Dogs are required to have a rabies vaccination to qualify for a dog license, but there is no mandatory licensing program for cats in Lane County. Nonetheless, it is extremely important to vaccinate cats against rabies as well.
Nationally, twice as many cats as dogs are reported to have rabies each year. As predators whose nature is to engage in a lot of unescorted roaming, cats actually come into contact with bats far more frequently than other pets.
Even indoor-only cats can be exposed to rabid bats. Bats are everywhere, even in urban areas, and they do get into homes through open windows, chimneys, doors and vents.
This is not a diatribe against bats. Most bats are not vampires, as may be popularly supposed, but rather fruit and insect eaters. They play a vital role in our ecosystems and control insects, including mosquitoes.
Bats are active at night, especially in warm weather. A bat that is out during the day or that allows a domestic pet or human being to touch or catch it is probably sick and should be avoided.
There is no way to know whether a bat or other animal is rabid simply by looking it. The conventional image of a rabid animal foaming at the mouth is mostly a clich; the variety of neurologic and other clinical signs that may be associated with rabies is legion.
If your pet has contacted a bat or you notice a bat in your home or yard, do not touch it or pick it up. The rabies virus is carried in an infected animal's saliva, so it is most easily transmitted by bite wounds.
Because it can be very difficult to identify bite puncture wounds on a fur-bearing pet, and because a rabid animal's saliva could transmit the disease without a bite if it gets onto a mucous membrane or a cut or crack in the victim's skin, a pet or person known or suspected of having contact with a bat may have been exposed to rabies.
Human beings who have had contact with a known or potentially rabid bat should contact their physician or the Lane County Public Health Department for further advice.
Unvaccinated pets that have had similar contact must be strictly quarantined and observed for six months - or euthanized.
Human and veterinary public health authorities also may have to be consulted in situations regarding potentially or actually exposed pets that either are not current on their rabies vaccines or never have been vaccinated.
The best way to avoid the stress, worry and expense that such situations cause is to keep all pets current on their rabies vaccinations.

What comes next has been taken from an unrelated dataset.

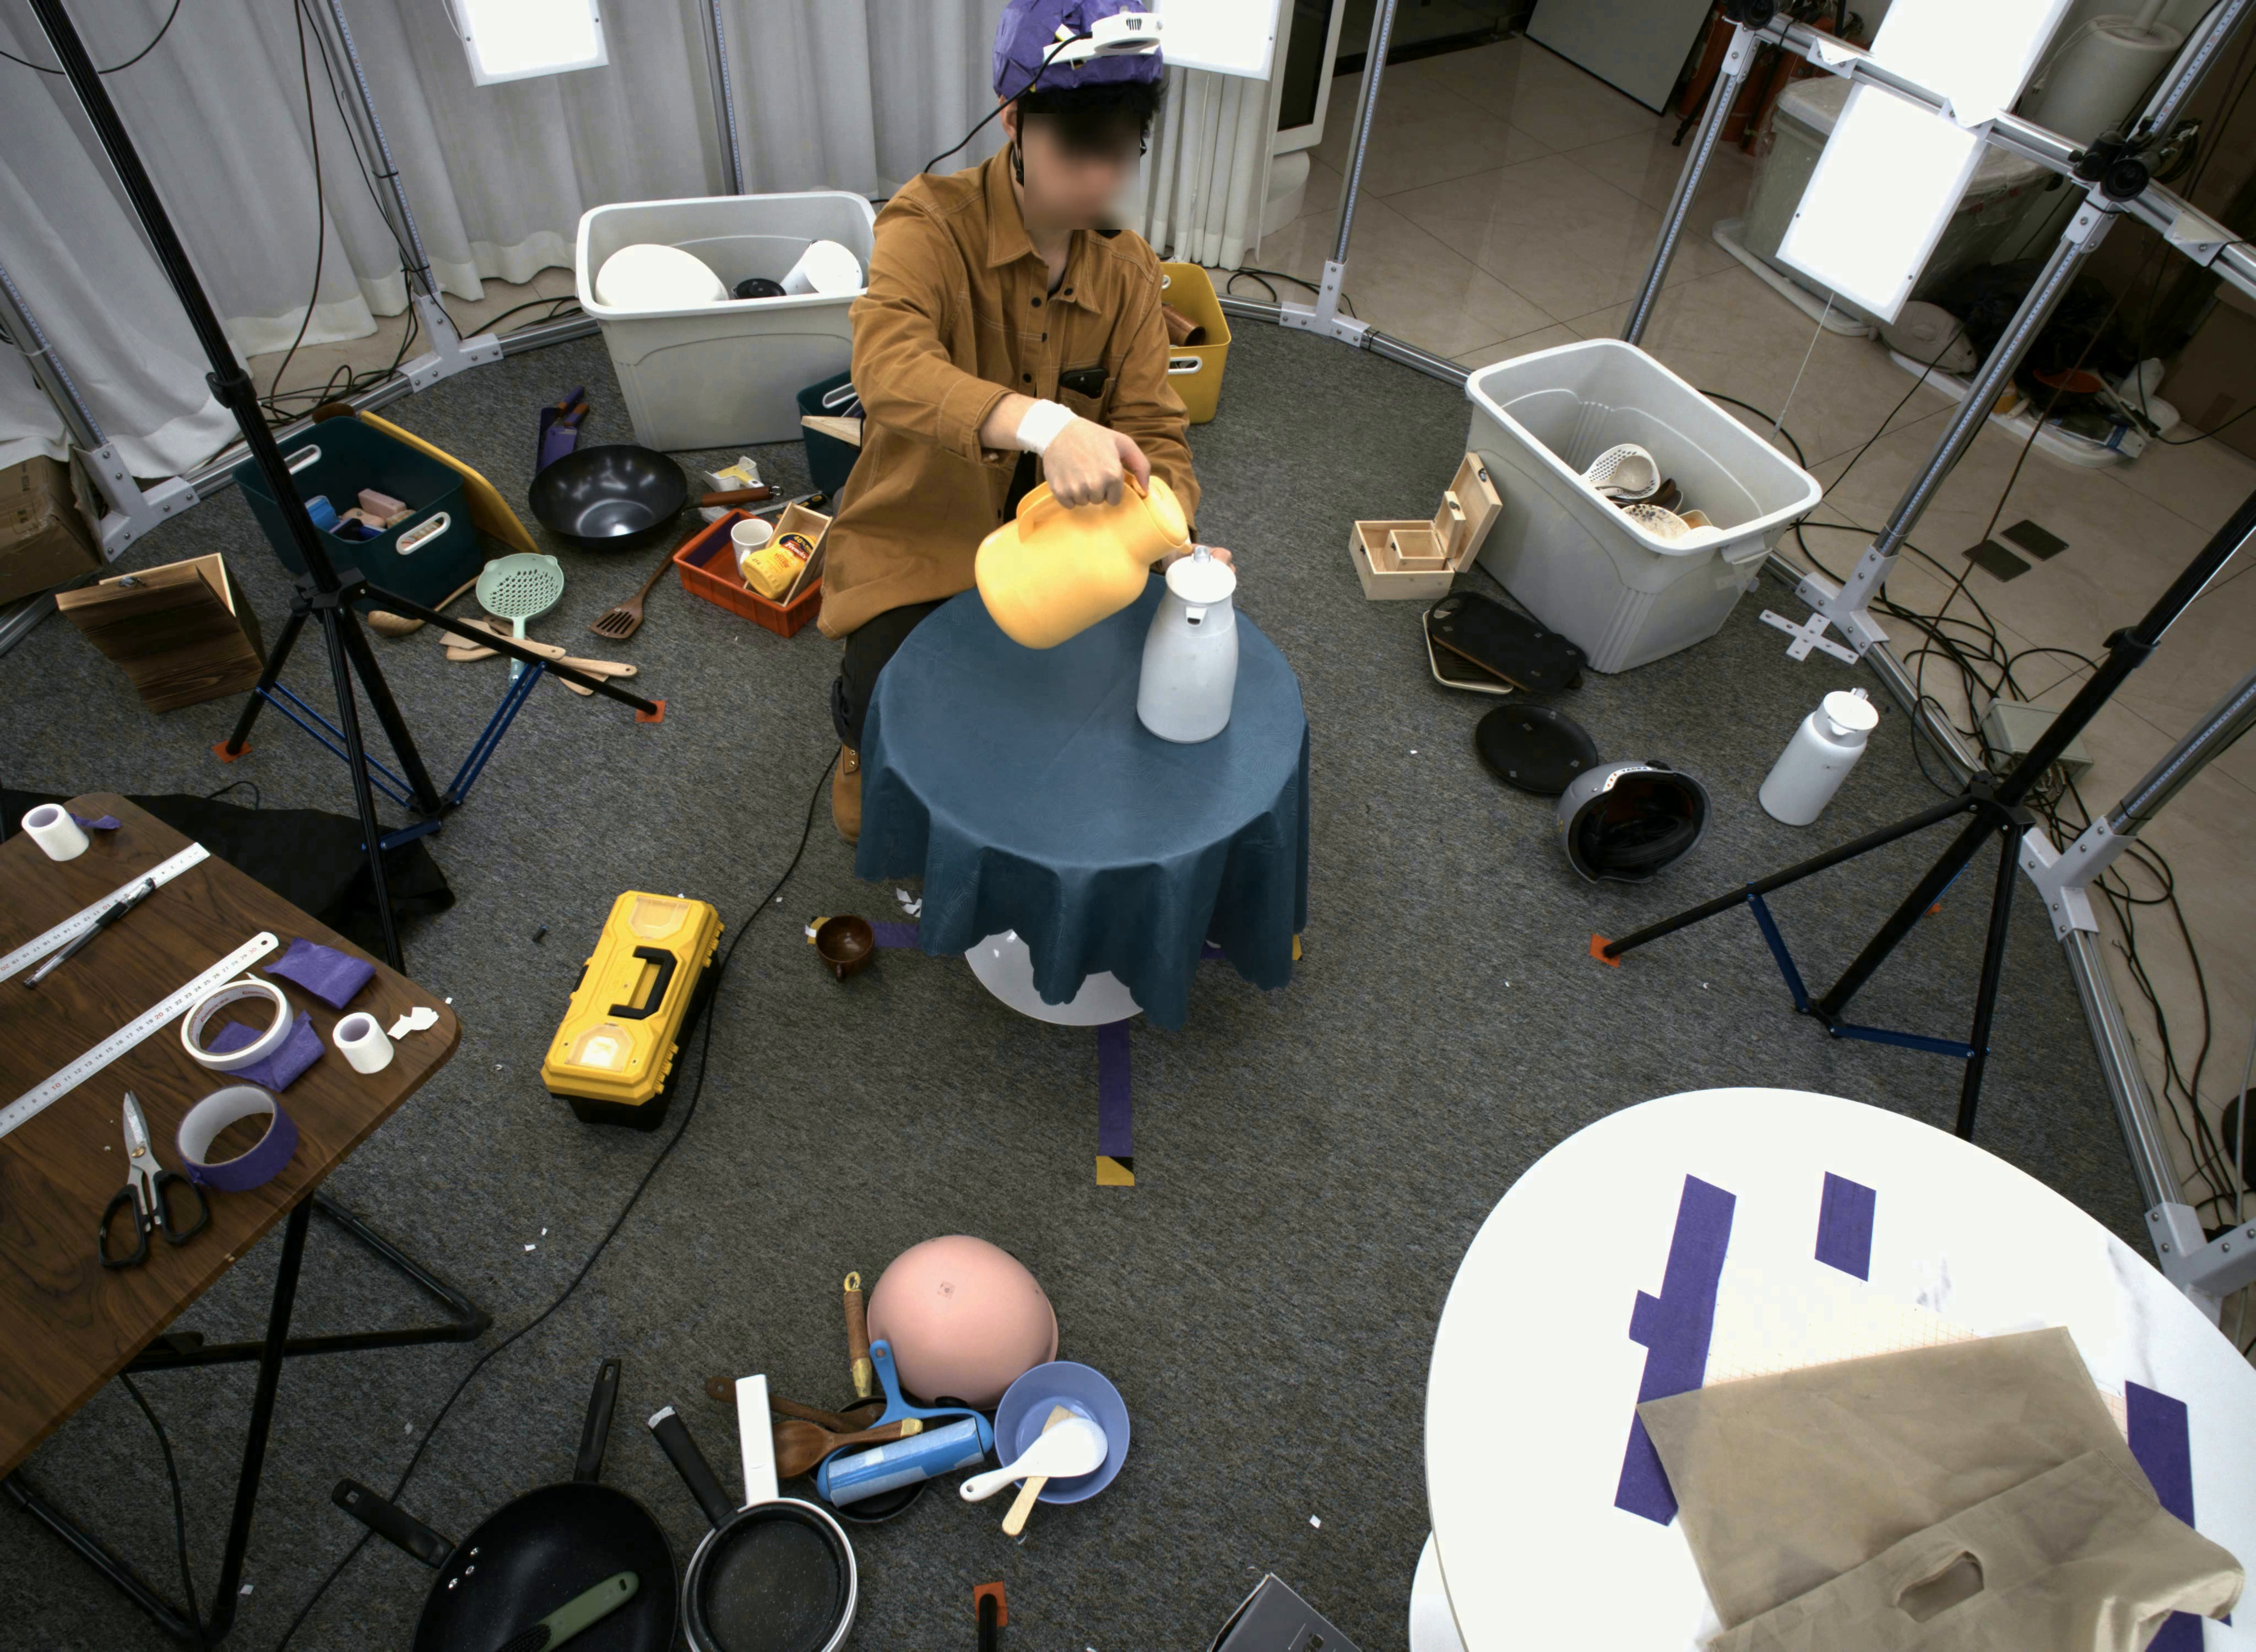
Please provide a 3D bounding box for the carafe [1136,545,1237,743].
[{"bbox_3d":[0.086,-0.258,1.738,0.132,0.242,0.172,8,49,3],"label":"carafe"}]

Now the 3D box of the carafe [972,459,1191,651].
[{"bbox_3d":[-0.065,-0.343,1.574,0.259,0.198,0.167,-26,52,24],"label":"carafe"}]

If a potentially rabid bat is found in your home or yard, and if human or animal contact with it may have occurred, do not bury it or throw it away. The bat should be submitted for rabies testing.
If there is no human exposure to the bat, the Veterinary Diagnostic Laboratory at OSU (541-737-3261) can do the testing. If people have been exposed, the Oregon State Public Health Laboratory does the testing. Bats are tested for rabies only when a person or pet has had known or suspected physical contact with them.
Never handle a bat, whether alive, dead or dying, with your bare hands; it can expose you to rabies.
Wear heavy gloves and handle the bat with an instrument such as a shovel or tongs when attempting to place it in a bite-proof, sealed container such as a plastic bucket with a tight-fitting lid.
If someone already has buried the bat, it can be exhumed and possibly may still be tested.
If you think or know that a family pet has interacted or played with the bat, contact a veterinary clinic immediately for advice - do not wait.
Do not ignore rabies! It is here to stay.